Go through the listing below and return each line that includes "down".
====
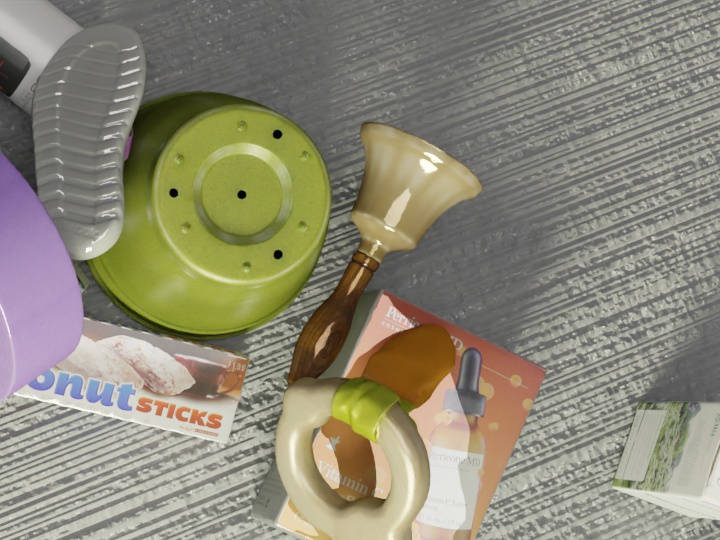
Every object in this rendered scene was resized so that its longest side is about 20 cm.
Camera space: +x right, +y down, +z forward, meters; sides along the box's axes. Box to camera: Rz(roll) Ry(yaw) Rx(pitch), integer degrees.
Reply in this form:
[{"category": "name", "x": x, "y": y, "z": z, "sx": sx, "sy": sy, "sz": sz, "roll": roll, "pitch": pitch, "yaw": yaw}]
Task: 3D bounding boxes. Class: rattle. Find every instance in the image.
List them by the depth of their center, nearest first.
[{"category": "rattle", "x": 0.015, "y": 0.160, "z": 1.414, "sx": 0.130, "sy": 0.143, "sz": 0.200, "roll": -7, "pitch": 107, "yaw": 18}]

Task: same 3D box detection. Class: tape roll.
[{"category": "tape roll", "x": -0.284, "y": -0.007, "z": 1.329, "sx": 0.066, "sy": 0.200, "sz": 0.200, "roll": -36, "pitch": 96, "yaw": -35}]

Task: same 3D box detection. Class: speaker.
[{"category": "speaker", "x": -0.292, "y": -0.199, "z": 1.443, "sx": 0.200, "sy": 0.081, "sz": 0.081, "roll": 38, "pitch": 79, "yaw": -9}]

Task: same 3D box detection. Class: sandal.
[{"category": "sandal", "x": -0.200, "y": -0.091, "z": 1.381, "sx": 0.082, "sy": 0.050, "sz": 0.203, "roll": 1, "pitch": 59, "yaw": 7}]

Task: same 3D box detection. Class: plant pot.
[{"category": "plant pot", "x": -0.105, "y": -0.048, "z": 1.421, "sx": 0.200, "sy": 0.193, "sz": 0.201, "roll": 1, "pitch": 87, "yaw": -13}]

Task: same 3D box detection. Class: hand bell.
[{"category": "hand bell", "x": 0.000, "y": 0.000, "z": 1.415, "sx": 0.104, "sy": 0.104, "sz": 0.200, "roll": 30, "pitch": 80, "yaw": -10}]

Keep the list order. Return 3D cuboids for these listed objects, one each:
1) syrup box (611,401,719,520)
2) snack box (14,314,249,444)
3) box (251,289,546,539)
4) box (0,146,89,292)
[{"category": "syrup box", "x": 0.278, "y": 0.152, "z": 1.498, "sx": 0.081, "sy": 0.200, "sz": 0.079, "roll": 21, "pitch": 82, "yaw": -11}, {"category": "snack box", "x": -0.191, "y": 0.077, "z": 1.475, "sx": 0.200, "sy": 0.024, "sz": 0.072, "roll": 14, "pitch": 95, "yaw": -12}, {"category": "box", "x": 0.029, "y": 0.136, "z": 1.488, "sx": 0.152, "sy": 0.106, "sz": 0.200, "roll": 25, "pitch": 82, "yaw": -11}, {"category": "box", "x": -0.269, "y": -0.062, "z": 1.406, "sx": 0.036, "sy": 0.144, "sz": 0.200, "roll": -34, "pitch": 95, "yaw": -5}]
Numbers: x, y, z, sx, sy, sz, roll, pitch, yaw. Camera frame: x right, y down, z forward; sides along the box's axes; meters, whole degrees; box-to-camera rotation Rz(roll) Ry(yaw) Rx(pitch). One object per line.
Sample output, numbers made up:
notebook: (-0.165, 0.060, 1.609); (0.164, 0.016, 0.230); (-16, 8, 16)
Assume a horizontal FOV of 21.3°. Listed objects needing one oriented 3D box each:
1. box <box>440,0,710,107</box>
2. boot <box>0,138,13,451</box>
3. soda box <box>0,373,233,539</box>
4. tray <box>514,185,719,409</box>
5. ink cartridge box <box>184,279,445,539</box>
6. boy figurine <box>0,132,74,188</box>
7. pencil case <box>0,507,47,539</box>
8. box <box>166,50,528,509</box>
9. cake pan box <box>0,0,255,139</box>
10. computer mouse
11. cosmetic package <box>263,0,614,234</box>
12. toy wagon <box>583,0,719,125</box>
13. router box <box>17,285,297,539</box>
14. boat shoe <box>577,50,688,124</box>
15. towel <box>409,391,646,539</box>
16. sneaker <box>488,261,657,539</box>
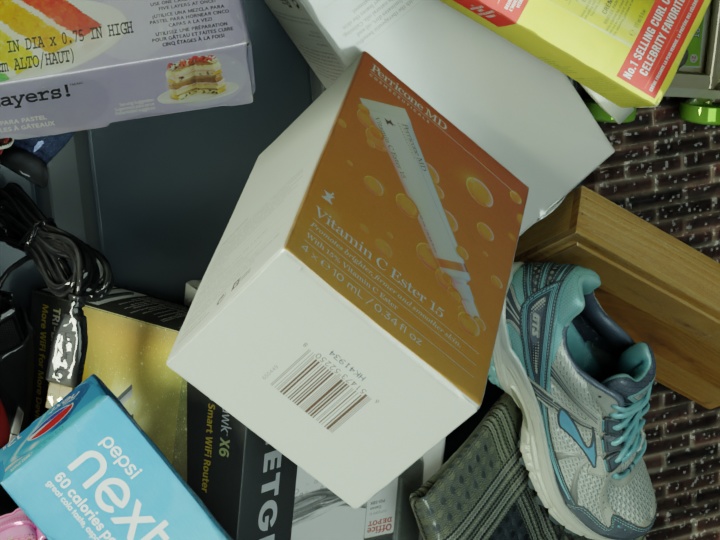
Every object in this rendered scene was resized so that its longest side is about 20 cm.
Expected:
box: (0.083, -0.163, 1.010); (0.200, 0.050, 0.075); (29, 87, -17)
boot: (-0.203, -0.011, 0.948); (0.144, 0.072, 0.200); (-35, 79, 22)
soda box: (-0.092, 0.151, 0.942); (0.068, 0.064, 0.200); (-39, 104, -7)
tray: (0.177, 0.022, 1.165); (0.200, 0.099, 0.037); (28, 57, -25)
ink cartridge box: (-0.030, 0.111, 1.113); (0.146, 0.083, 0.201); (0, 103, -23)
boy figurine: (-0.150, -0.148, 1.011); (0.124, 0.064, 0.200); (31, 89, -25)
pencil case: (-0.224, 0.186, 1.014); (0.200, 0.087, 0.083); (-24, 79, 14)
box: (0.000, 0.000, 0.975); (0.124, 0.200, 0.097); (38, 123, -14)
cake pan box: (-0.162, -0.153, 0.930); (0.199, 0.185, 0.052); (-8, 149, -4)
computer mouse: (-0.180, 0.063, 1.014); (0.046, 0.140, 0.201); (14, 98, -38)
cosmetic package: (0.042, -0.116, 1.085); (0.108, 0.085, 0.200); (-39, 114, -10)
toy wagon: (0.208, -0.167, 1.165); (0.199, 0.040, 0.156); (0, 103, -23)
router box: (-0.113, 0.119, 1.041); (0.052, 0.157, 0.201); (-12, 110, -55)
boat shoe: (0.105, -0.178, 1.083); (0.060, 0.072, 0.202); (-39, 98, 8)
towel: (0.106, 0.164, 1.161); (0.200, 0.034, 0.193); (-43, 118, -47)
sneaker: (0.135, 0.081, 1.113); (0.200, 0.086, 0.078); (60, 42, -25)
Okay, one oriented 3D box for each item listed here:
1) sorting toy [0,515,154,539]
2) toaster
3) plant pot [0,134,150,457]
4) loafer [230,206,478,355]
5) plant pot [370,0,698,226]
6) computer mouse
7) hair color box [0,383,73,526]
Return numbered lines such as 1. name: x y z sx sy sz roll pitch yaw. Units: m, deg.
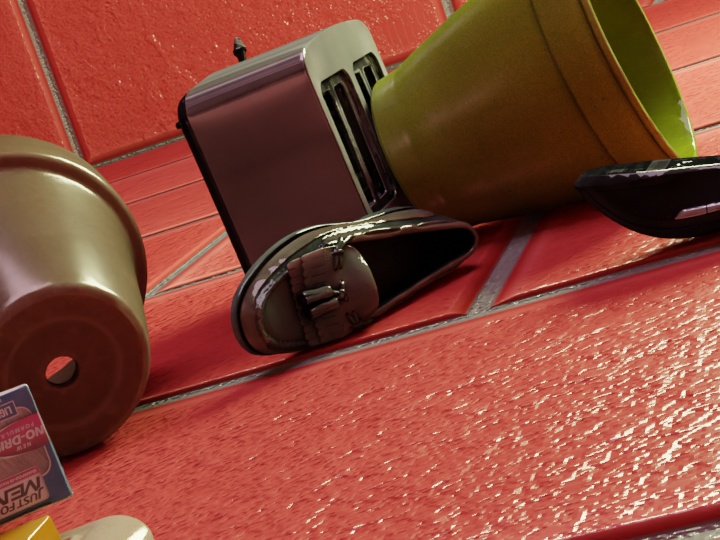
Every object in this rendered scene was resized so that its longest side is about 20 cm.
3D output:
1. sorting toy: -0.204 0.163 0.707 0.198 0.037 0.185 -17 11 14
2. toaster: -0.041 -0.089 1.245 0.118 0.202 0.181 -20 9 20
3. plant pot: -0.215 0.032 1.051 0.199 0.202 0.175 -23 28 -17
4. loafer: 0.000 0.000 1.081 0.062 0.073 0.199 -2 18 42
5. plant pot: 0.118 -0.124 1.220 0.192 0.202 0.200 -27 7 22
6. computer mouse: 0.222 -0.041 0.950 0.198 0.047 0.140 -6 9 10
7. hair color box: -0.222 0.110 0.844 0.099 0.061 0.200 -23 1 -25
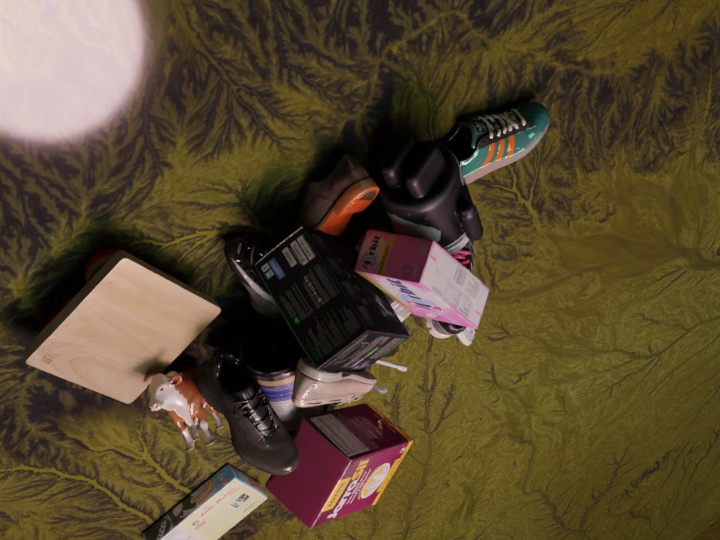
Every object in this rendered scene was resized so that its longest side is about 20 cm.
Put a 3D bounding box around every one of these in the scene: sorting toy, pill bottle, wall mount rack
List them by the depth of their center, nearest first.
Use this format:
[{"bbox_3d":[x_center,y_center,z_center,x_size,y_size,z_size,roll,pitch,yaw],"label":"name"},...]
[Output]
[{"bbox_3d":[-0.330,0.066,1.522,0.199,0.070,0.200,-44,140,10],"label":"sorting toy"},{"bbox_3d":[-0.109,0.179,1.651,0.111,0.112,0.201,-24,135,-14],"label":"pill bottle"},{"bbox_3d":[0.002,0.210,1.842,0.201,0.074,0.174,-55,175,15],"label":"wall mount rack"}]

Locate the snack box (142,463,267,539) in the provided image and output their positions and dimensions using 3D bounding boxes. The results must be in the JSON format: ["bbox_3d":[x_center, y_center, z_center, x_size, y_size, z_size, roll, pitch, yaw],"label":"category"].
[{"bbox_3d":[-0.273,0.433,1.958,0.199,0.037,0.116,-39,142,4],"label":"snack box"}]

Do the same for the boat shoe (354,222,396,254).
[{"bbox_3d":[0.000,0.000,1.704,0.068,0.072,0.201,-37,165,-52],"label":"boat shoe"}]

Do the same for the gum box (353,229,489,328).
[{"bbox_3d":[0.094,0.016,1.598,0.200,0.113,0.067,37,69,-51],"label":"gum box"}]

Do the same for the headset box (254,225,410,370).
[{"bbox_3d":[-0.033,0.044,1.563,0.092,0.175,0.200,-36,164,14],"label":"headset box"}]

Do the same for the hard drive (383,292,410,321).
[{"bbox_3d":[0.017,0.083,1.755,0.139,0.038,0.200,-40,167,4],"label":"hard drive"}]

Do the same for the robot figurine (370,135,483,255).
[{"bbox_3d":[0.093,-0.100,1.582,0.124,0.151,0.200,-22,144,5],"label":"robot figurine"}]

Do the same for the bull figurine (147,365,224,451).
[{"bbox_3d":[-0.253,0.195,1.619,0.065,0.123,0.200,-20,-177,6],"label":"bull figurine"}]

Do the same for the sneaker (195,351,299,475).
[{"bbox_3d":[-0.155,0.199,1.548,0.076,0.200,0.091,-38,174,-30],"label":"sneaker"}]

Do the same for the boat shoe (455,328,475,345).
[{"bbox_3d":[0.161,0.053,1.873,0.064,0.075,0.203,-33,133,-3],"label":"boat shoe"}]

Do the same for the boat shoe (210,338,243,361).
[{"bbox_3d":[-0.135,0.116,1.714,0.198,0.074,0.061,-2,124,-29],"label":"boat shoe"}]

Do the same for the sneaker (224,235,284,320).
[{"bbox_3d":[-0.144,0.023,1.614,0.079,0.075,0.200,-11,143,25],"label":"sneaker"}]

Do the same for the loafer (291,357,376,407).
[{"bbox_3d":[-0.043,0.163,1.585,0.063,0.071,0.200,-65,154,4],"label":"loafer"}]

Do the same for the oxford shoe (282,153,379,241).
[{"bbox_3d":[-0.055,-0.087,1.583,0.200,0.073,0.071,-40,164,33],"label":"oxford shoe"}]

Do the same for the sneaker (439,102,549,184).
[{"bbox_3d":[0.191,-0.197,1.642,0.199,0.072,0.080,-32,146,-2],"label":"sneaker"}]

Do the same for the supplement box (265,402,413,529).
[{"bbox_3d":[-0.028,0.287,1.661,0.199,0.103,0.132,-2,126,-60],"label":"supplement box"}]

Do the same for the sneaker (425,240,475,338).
====
» **Your response**:
Camera space: +x right, +y down, +z forward, meters; sides along the box's axes. Box to camera: Rz(roll) Ry(yaw) Rx(pitch), integer degrees.
Numbers: x, y, z, sx, sy, sz, roll, pitch, yaw. Camera frame: x right, y down, z forward; sides along the box's axes; meters, whole degrees; box-to-camera rotation Rz(roll) Ry(yaw) Rx(pitch). One object per line.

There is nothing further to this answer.